> _Directions for this task_: Once you have located the line containing "Viewport: 953px width, 1232px" in the material below, return it exactly along with each line after it through the line containing "Navigate to the passage".

==== Data shown

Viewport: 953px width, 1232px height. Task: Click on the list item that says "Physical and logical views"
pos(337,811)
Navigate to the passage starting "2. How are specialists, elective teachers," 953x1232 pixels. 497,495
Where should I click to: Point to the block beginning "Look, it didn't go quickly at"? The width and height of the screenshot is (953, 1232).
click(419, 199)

========
==== Data shown

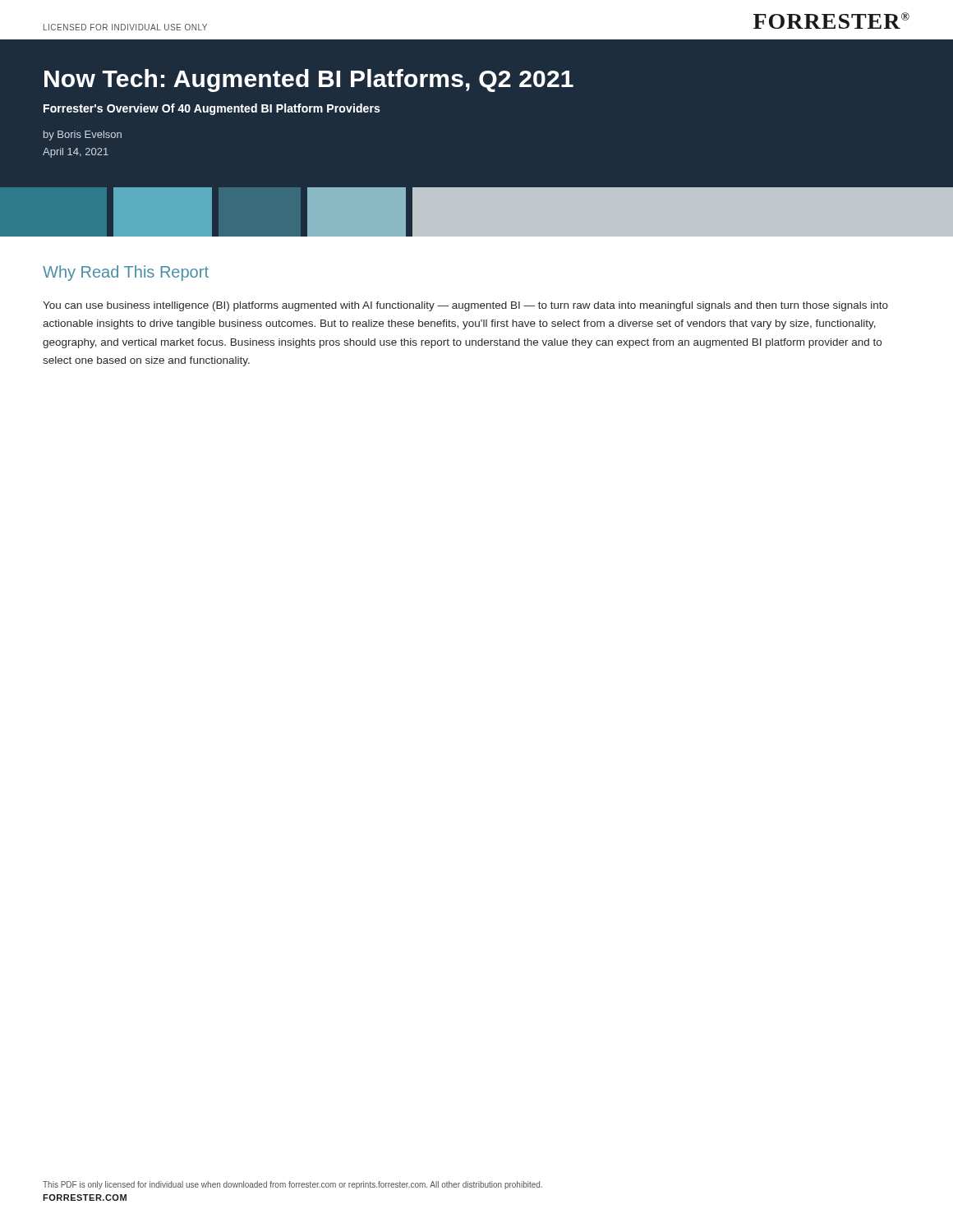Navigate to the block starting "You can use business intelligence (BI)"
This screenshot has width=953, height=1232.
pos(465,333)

========

> _Answer box_:
Viewport: 953px width, 1232px height. Task: Click on the list item that says "Physical and logical views"
pos(337,811)
Navigate to the passage starting "2. How are specialists, elective teachers," 953x1232 pixels. 497,495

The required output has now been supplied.